= Your instructions =
Could you restate word for word each line from the top of the listing below through the line containing "Could you help"? Keep the pictures out.

= Source material =
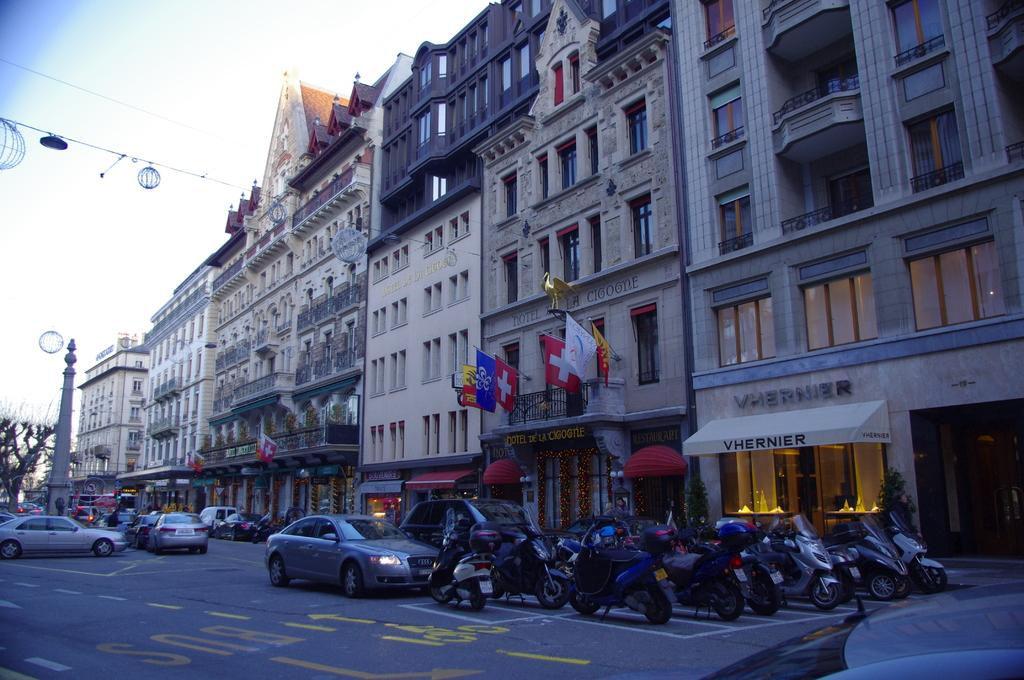What can be seen on the road in the image? There are vehicles on the road in the image. What type of structures are present in the image? There are buildings in the image. What decorative elements can be seen in the image? There are flags in the image. What type of vegetation is visible in the image? There are plants in the image. What is visible in the background of the image? There is a tower, a tree, and the sky visible in the background. How many balls are rolling on the grass in the image? There are no balls or grass present in the image. What type of trains can be seen passing by in the image? There are no trains visible in the image. 
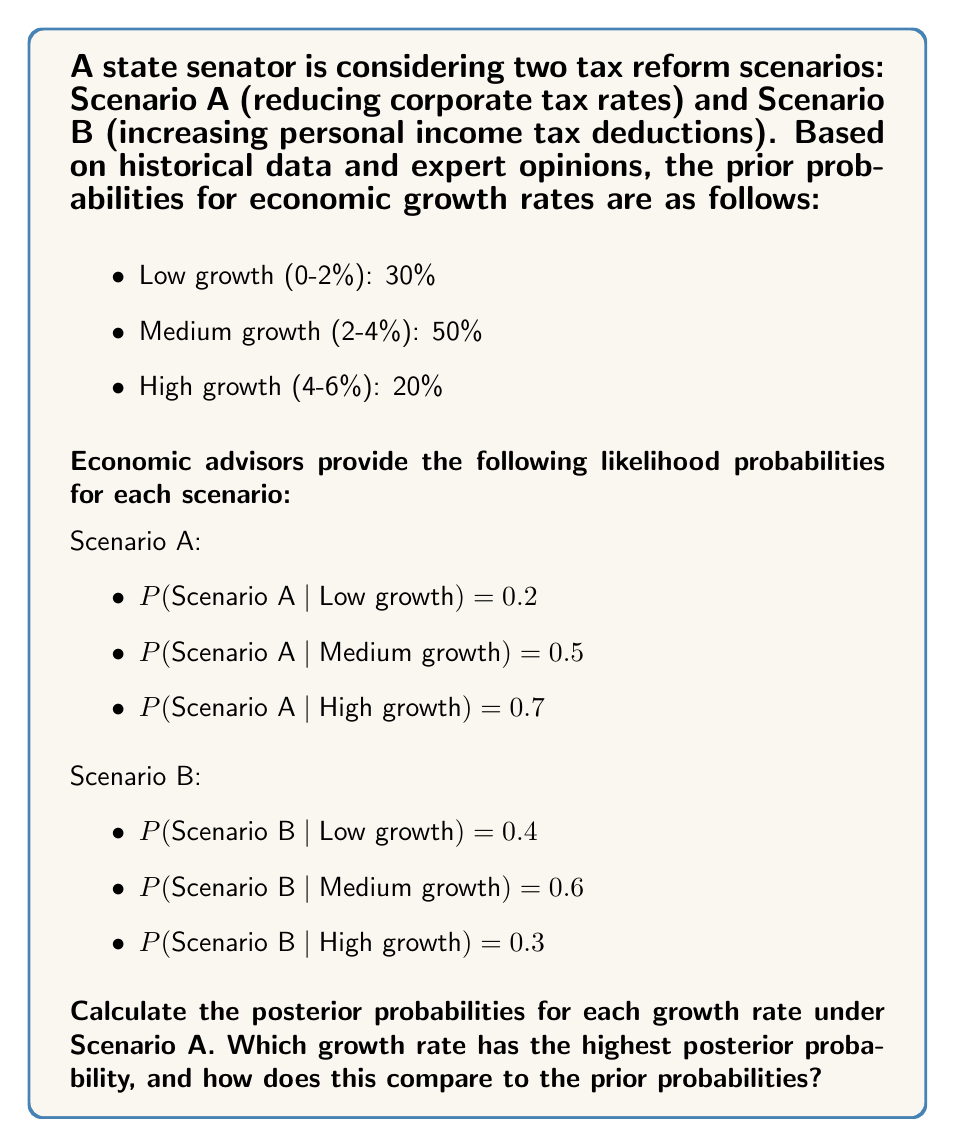Could you help me with this problem? To solve this problem, we'll use Bayes' theorem to calculate the posterior probabilities for each growth rate under Scenario A. The formula for Bayes' theorem is:

$$P(Growth|Scenario A) = \frac{P(Scenario A|Growth) \times P(Growth)}{P(Scenario A)}$$

First, let's calculate P(Scenario A) using the law of total probability:

$$P(Scenario A) = \sum P(Scenario A|Growth_i) \times P(Growth_i)$$

$$P(Scenario A) = 0.2 \times 0.3 + 0.5 \times 0.5 + 0.7 \times 0.2 = 0.45$$

Now, let's calculate the posterior probabilities for each growth rate:

1. Low growth:
   $$P(Low|A) = \frac{0.2 \times 0.3}{0.45} = \frac{0.06}{0.45} = 0.1333$$

2. Medium growth:
   $$P(Medium|A) = \frac{0.5 \times 0.5}{0.45} = \frac{0.25}{0.45} = 0.5556$$

3. High growth:
   $$P(High|A) = \frac{0.7 \times 0.2}{0.45} = \frac{0.14}{0.45} = 0.3111$$

To compare with prior probabilities:

- Low growth: Prior = 30%, Posterior = 13.33%
- Medium growth: Prior = 50%, Posterior = 55.56%
- High growth: Prior = 20%, Posterior = 31.11%
Answer: The growth rate with the highest posterior probability under Scenario A is medium growth (2-4%) at 55.56%. Compared to the prior probabilities, the posterior probability for medium growth increased slightly (from 50% to 55.56%), the probability for high growth increased more substantially (from 20% to 31.11%), while the probability for low growth decreased significantly (from 30% to 13.33%).

= Result for this task =
What can be seen on the road in the image? There are vehicles on the road in the image. What type of structures are present in the image? There are buildings in the image. What decorative elements can be seen in the image? There are flags in the image. What type of vegetation is visible in the image? There are plants in the image. What is visible in the background of the image? There is a tower, a tree, and the sky visible in the background. How many balls are rolling on the grass in the image? There are no balls or grass present in the image. What type of trains can be seen passing by in the image? There are no trains visible in the image. 
Could you help me with this problem? To solve this problem, we'll use Bayes' theorem to calculate the posterior probabilities for each growth rate under Scenario A. The formula for Bayes' theorem is:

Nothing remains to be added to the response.